Description of problem: Running sane_hpaio_get_devices (via sane_get_devices) in a thread with parameter local_only=false will result in a segmentation fault when joining the thread in which sane_get_devices was called. This happens only with the hplip sane driver with local_only=false. Sample program and backtrace below. Version-Release number of selected component (if applicable): hplip-3.14.1-1.fc20 How reproducible: Always Steps to Reproduce: 1. Compile and run application below 2. 3. Sample program: -------------------------------------------------------- g++ -g -std=c++11 -o test test.cpp $(pkg-config --cflags --libs sane-backends) -------------------------------------------------------- #include <cassert> #include <iostream> #include <thread> #include <sane/sane.h> void scan_thread() { SANE_Status status; status = sane_init(nullptr, nullptr); assert(status == SANE_STATUS_GOOD); const SANE_Device** device_list = nullptr; status = sane_get_devices(&device_list, false); assert(status == SANE_STATUS_GOOD); for(int i = 0; device_list[i] != nullptr; ++i){ std::cout << device_list[i]->name << std::endl; } sane_exit(); } int main() { std::thread t(scan_thread); t.join(); return 0; } -------------------------------------------------------- Gdb output: -------------------------------------------------------- Program received signal SIGSEGV, Segmentation fault. [Switching to Thread 0x7ffff446c700 (LWP 5183)] 0x00007ffff2fce3e0 in ?? () (gdb) thread apply all bt Thread 2 (Thread 0x7ffff446c700 (LWP 5183)): #0 0x00007ffff2fce3e0 in ?? () #1 0x00007ffff59f0d32 in __nptl_deallocate_tsd () at pthread_create.c:157 #2 0x00007ffff59f0f46 in start_thread (arg=0x7ffff446c700) at pthread_create.c:322 #3 0x00007ffff70bfded in clone () at ../sysdeps/unix/sysv/linux/x86_64/clone.S:111 Thread 1 (Thread 0x7ffff7fd5840 (LWP 5179)): #0 0x00007ffff59f2297 in pthread_join (threadid=140737291667200, thread_return=0x0) at pthread_join.c:92 #1 0x00007ffff795c077 in std::thread::join() () from /lib64/libstdc++.so.6 #2 0x0000000000400f89 in main () at test.cpp:25 -------------------------------------------------------- It looks like the program is crashing due to an invalid pointer when freeing up thread local storage: pthread_create.c:157: -------------------------------------------------------- /* Call the user-provided destructor. */ __pthread_keys[idx].destr (data); -------------------------------------------------------- Valgrind shows not memory issues.

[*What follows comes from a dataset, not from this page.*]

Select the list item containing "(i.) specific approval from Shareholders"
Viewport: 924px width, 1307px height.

Created attachment 864062 [details] Library to test Please note that the component seems not not to be 'hplip' but rather 'sane-backends'. I built a library 'libsane' from package version sane-backends-1.0.24-8.fc21. You probably have some different (older) version. I tried to run the testing program with a library currently installed in my system (sane-backends-1.0.23-13.fc19.x86_64) and it segfaulted. However when I tried it with the new built library it did not segfault to me. Please try running the testing program with attached library and tell me if it segfaults for you or not. Thanks.
Correct, it does not crash with the library you built.

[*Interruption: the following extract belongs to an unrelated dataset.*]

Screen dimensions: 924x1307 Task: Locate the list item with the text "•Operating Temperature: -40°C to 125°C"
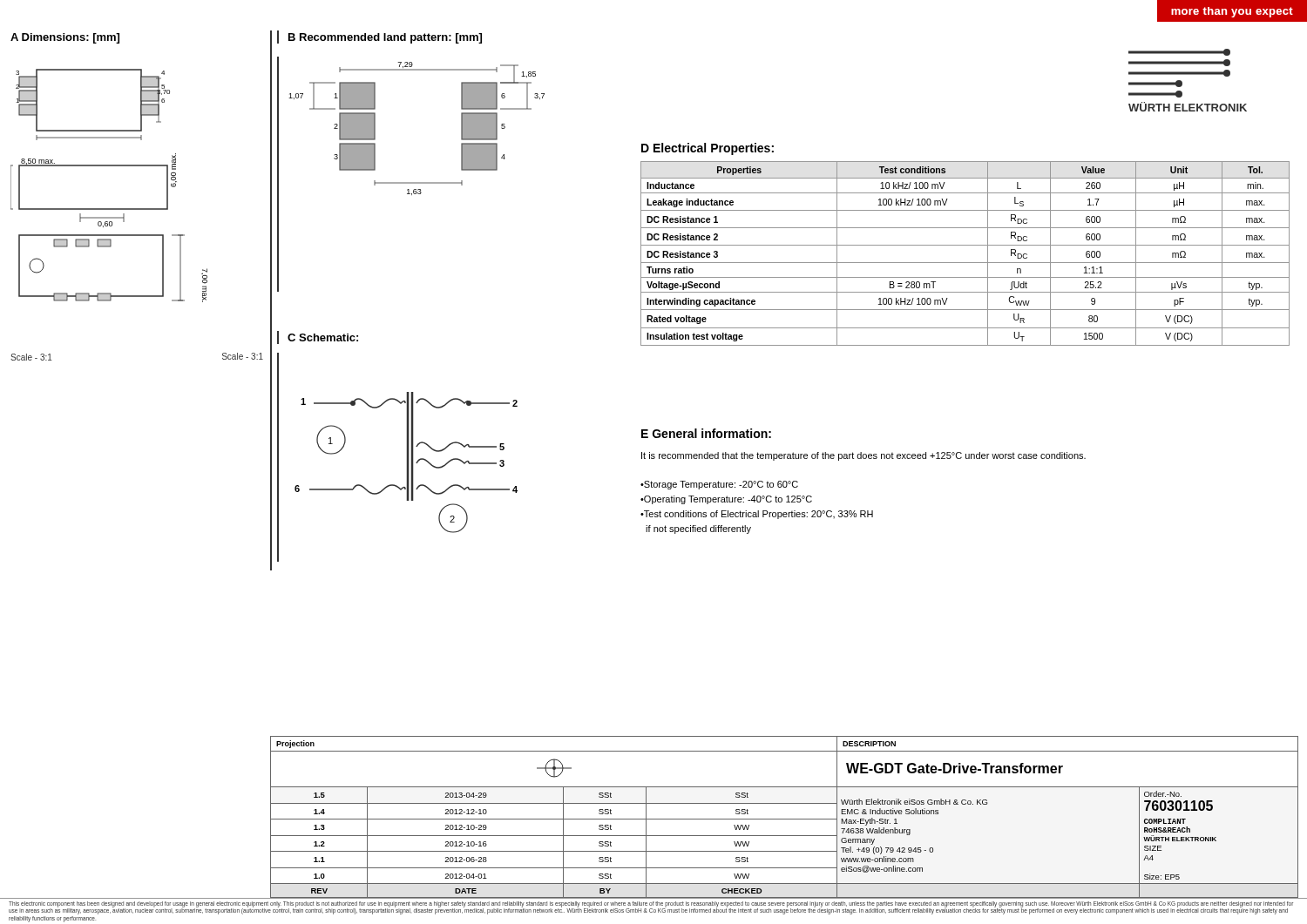click(726, 499)

The only difference between -7 (what is in f20) and -8 is http://pkgs.fedoraproject.org/cgit/sane-backends.git/tree/sane-backends-1.0.24-format-security.patch?id=c49ab916be4264b5fe8adaca570ac43472433d50 , I wonder how this could have fixed this without the cause of the error being memory corruption? Or otherwise valgrind failed to pick it up.
I built the library also for version sane-backends-1.0.24-7.fc20 and it did not segfault (as I expected). Which version are you using?

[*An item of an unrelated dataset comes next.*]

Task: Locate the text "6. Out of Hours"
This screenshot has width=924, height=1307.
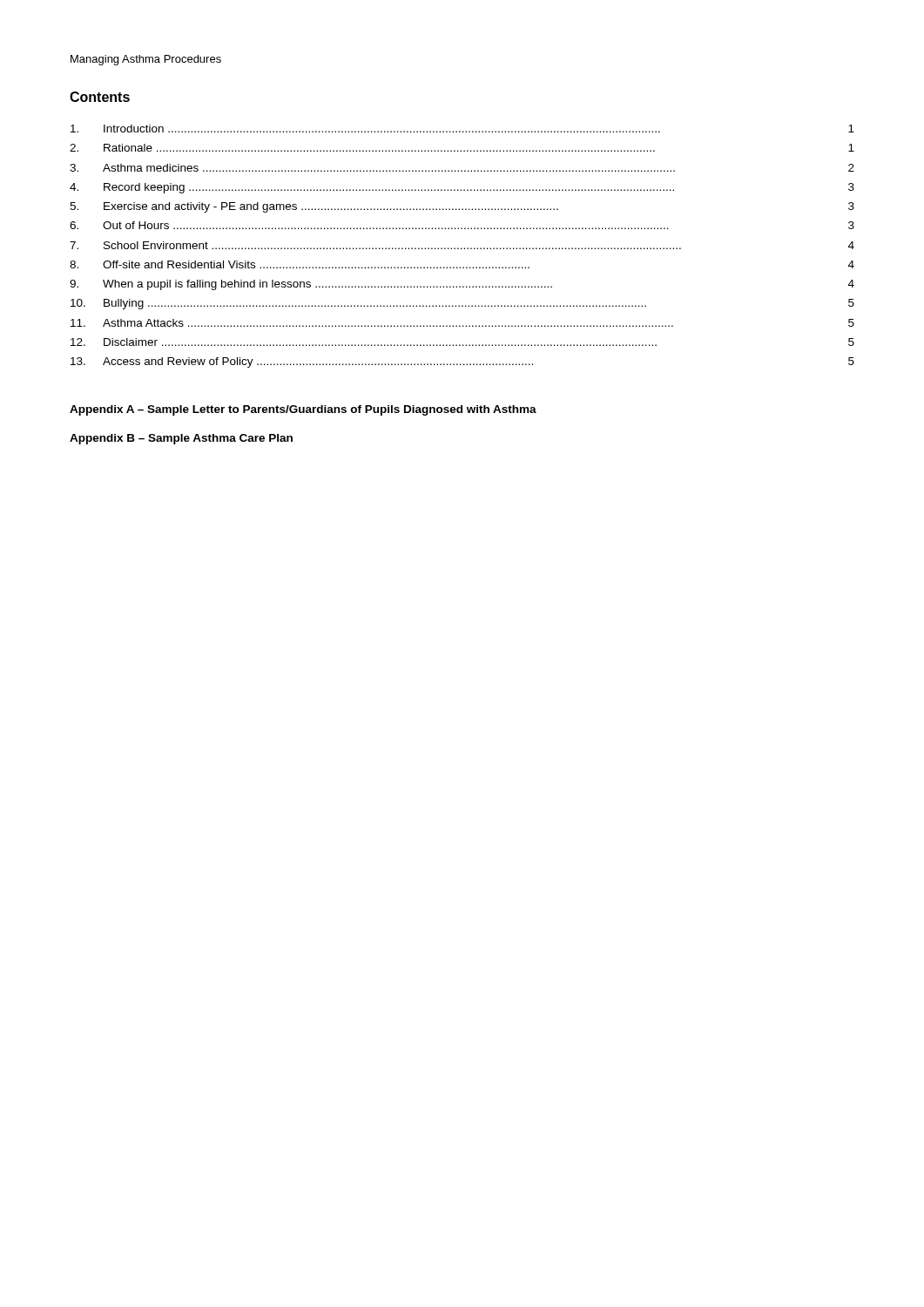Action: click(x=462, y=226)

On the affected machine I have sane-backends-1.0.24-7.fc20.x86_64 libsane-hpaio-3.14.1-1.fc20.x86_64
Some more insight: - sane-backends-1.0.24-7.fc20.x86_64 rebuilt against current F20 has the issue - sane-backends-1.0.24-8.fc21.x86_64 rebuilt against current F20 has the issue => Broken glibc in F20?
> => Broken glibc in F20? It really seems like this. I've just made a scratch-build of sane-backends-1.0.24-7.fc20.x86_64, installed it and had the segfault.
I'll reassign to glibc. To summarize: compiling sane-backends against the glibc of F20 will cause the above sample program to crash. Compiling against the rawhide glibc, the program will run fine.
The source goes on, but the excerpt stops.